This invention relates generally to ultrasonic transducers for liquid level gauges, and more particularly to an ultrasonic transducer suitable for use in corrosive environments.
Ultrasonic liquid level measurement is fundamentally based on the emission of ultrasonic energy by a transmitter at a measuring station and the reflection of the transmitted energy from the surface of the liquid whose level is to be gauged to a receiver at the same station. Transmitted ultrasonic pulses are directed at the surface of the liquid through the vapor or gas thereabove. The elapsed transit time from the transmitter to the receiver is measured electronically and computed to provide an accurate measure of the distance between the measuring station and the liquid surface, thereby providing a reading of liquid level.
The ultrasonic measuring gauge is especially adapted to measure liquid level in mine shafts and oil wells, where in many instances the environment above the liquid level is corrosive in nature. In conventional forms of ultrasonic liquid-level measuring gauges, the transducer includes an electrostriction element having thin-film electrodes made of a conductive metal, such as silver, formed on its faces so as to produce homogeneous electrostriction. When an element of this type is subjected to a corrosive gas, it is eroded thereby and ultimately rendered inoperative.
In ultrasonic transducers of the type heretofore employed, such as that disclosed in Japanese Utility Model Ser. No. 37192/1974, the electrostriction element is disc-shaped and is affixed to a rigid solid body of greater thickness. This body serves to reduce the inherent resonance frequency of the electrostriction element to an extent affording a resonance frequency in a range suitable for liquid level measurement. The element and rigid body affixed thereto are supported within a case by an ordinary flange secured to a nodal point on the body.
Such known types of ultrasonic transducers have serious practical deficiencies, quite apart from the fact that they are subject to corrosion. Because of the flange arrangement, a considerable amount of ultrasonic energy is dissipated radially through the flange, this leakage markedly reducing the efficiency of the transducer.

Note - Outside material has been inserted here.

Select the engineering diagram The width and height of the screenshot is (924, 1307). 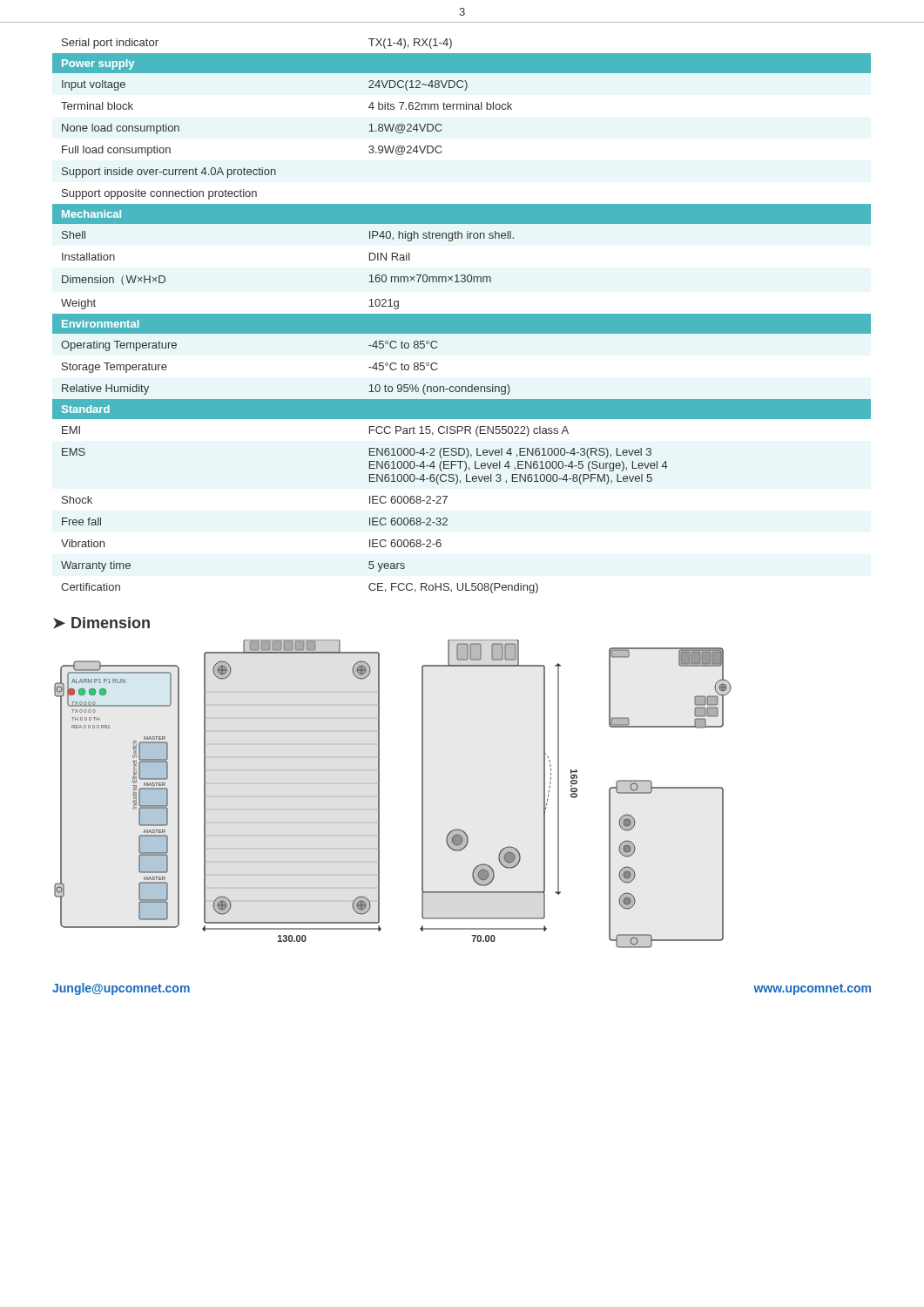(x=462, y=805)

Moreover, with existing types of ultrasonic transducers, the same transducer cannot always be used both as a transmitter and a receiver, in that when functioning to measure short distances, the vibrations of the transducer at the termination of transmission are not arrested or damped with sufficient rapidity to render the same transducer operative as a receiver at the instant the echo pulse reflected from the liquid surface arrives. It has, therefore, heretofore been necessary to provide separate transducers for transmission and reception for measuring short distances.